Below this sentence is a listing; return exactly its lines from the one with "Answer: I_in Which" to the one with "Answer: Current division", both kept, and nothing more.

......

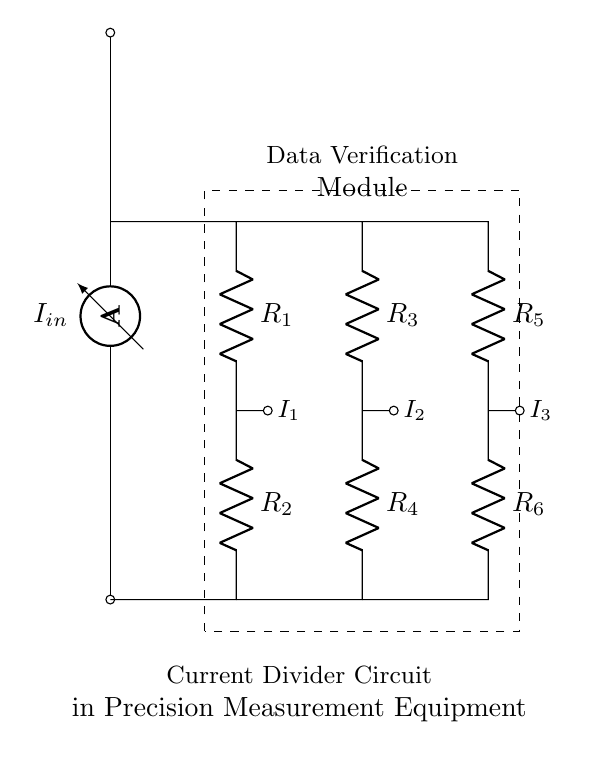What is the type of circuit depicted? The circuit is a current divider, as indicated by multiple resistive branches receiving input current and dividing the current based on their resistances.
Answer: Current Divider How many resistors are in the circuit? The diagram shows six resistors labeled R1, R2, R3, R4, R5, and R6. Counting these labels confirms that there are a total of six resistors.
Answer: Six What is the input current labeled in the diagram? The input current is labeled I_in, which is shown connected to the ammeter at the top of the circuit diagram.
Answer: I_in Which resistors are arranged in series? Resistors R1 and R2 are in series with each other, and R3 and R4 are also in series, just as R5 and R6. This series connection is evident from the direct connection without any branching.
Answer: R1 and R2; R3 and R4; R5 and R6 What can be inferred about the currents I1, I2, and I3 through the resistors? The currents I1, I2, and I3 are the result of the current division based on the resistance values of R1, R2, R3, R4, R5, and R6, meaning each current is inversely proportional to the respective resistance in its branch.
Answer: I1, I2, I3 are divided currents How does the current divider principle apply to this circuit? The current divider principle states that the input current will be divided among the parallel branches in proportion to the resistances; therefore, lower resistance results in higher current. Analyzing the labels and arrangement confirms this principle is applied.
Answer: Current division 
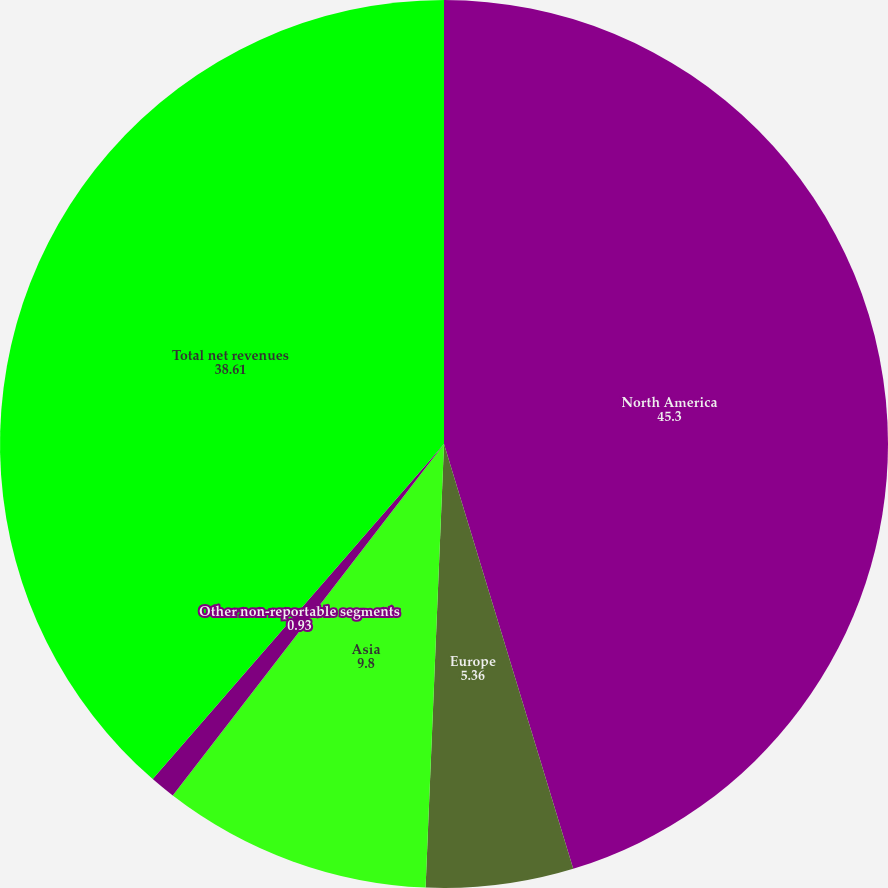Convert chart to OTSL. <chart><loc_0><loc_0><loc_500><loc_500><pie_chart><fcel>North America<fcel>Europe<fcel>Asia<fcel>Other non-reportable segments<fcel>Total net revenues<nl><fcel>45.3%<fcel>5.36%<fcel>9.8%<fcel>0.93%<fcel>38.61%<nl></chart> 
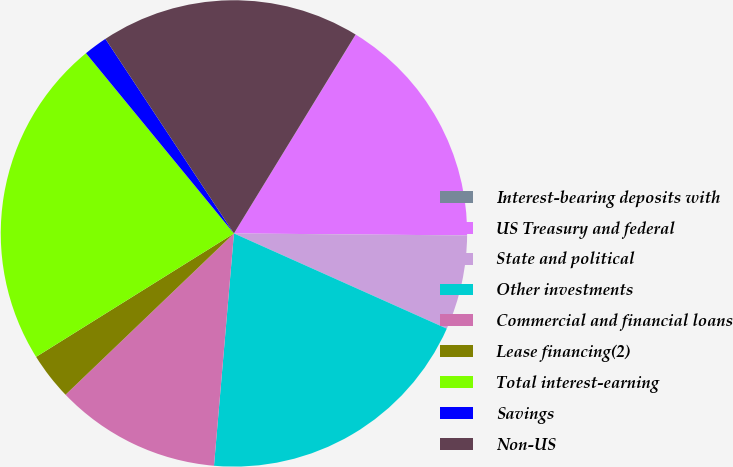Convert chart. <chart><loc_0><loc_0><loc_500><loc_500><pie_chart><fcel>Interest-bearing deposits with<fcel>US Treasury and federal<fcel>State and political<fcel>Other investments<fcel>Commercial and financial loans<fcel>Lease financing(2)<fcel>Total interest-earning<fcel>Savings<fcel>Non-US<nl><fcel>0.01%<fcel>16.39%<fcel>6.56%<fcel>19.67%<fcel>11.48%<fcel>3.28%<fcel>22.94%<fcel>1.65%<fcel>18.03%<nl></chart> 
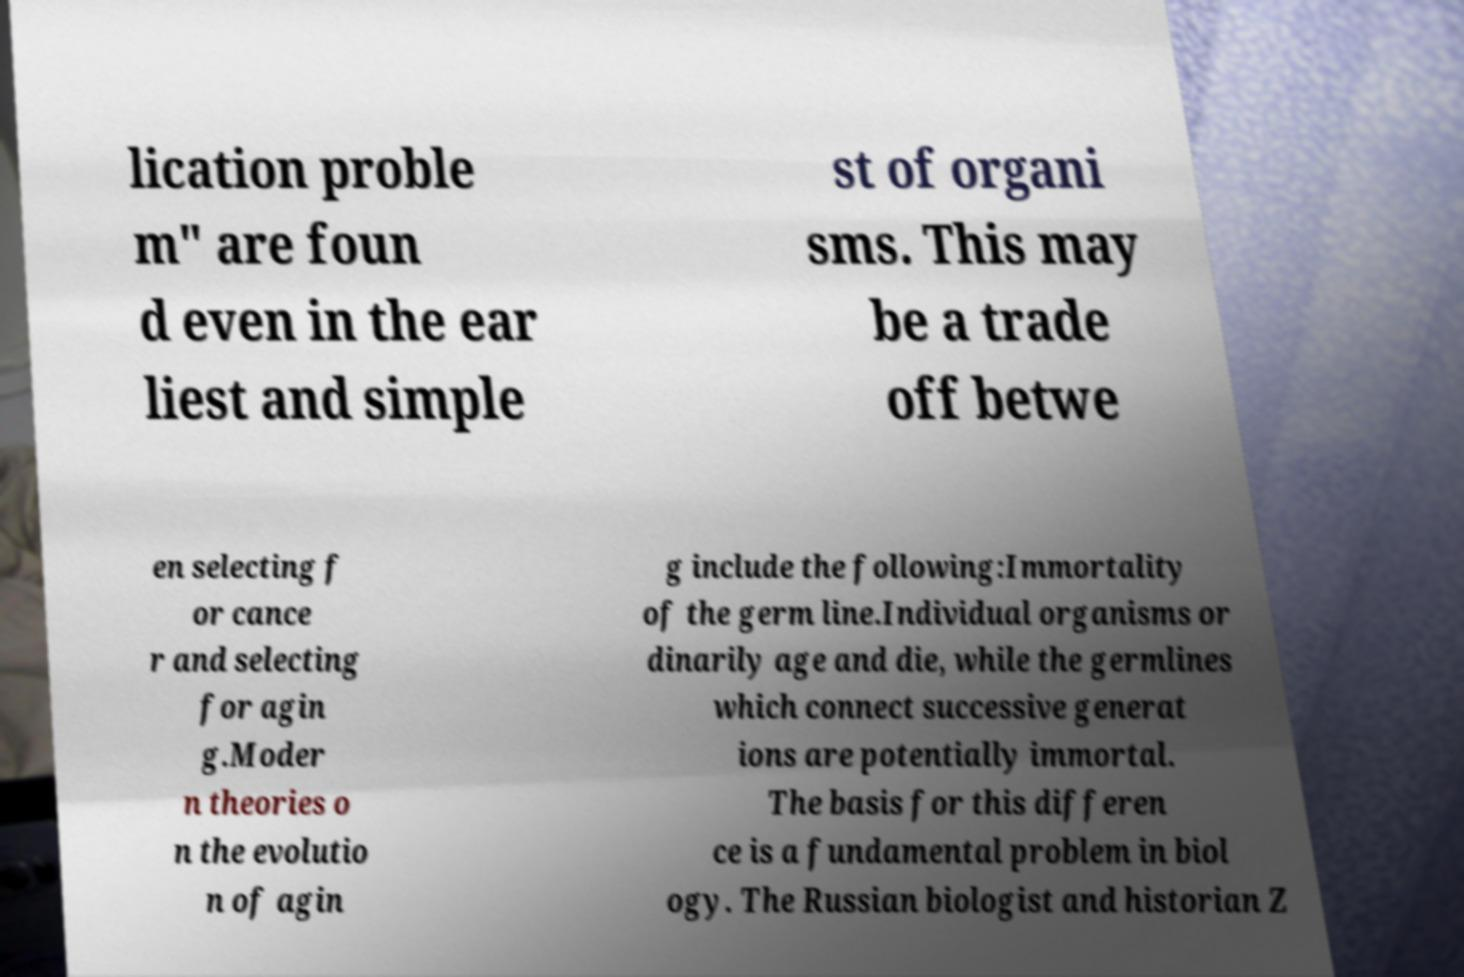Could you extract and type out the text from this image? lication proble m" are foun d even in the ear liest and simple st of organi sms. This may be a trade off betwe en selecting f or cance r and selecting for agin g.Moder n theories o n the evolutio n of agin g include the following:Immortality of the germ line.Individual organisms or dinarily age and die, while the germlines which connect successive generat ions are potentially immortal. The basis for this differen ce is a fundamental problem in biol ogy. The Russian biologist and historian Z 
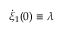Convert formula to latex. <formula><loc_0><loc_0><loc_500><loc_500>\dot { \xi } _ { 1 } ( 0 ) \equiv \lambda</formula> 
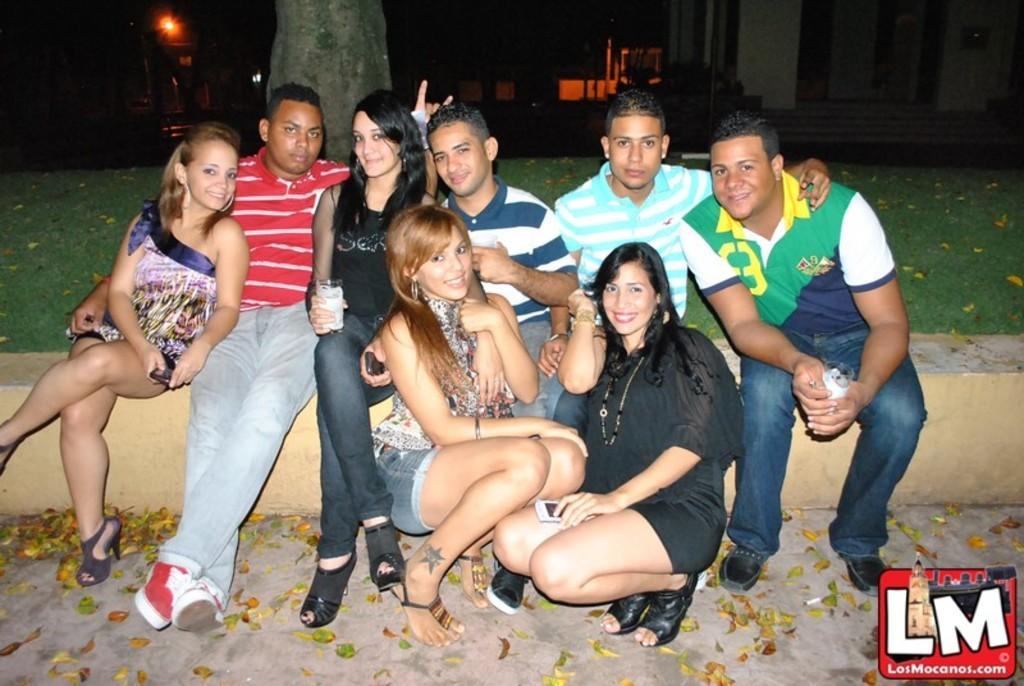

......

- Response to this exercise -
Answer: I_in Which resistors are arranged in series? Resistors R1 and R2 are in series with each other, and R3 and R4 are also in series, just as R5 and R6. This series connection is evident from the direct connection without any branching.
Answer: R1 and R2; R3 and R4; R5 and R6 What can be inferred about the currents I1, I2, and I3 through the resistors? The currents I1, I2, and I3 are the result of the current division based on the resistance values of R1, R2, R3, R4, R5, and R6, meaning each current is inversely proportional to the respective resistance in its branch.
Answer: I1, I2, I3 are divided currents How does the current divider principle apply to this circuit? The current divider principle states that the input current will be divided among the parallel branches in proportion to the resistances; therefore, lower resistance results in higher current. Analyzing the labels and arrangement confirms this principle is applied.
Answer: Current division 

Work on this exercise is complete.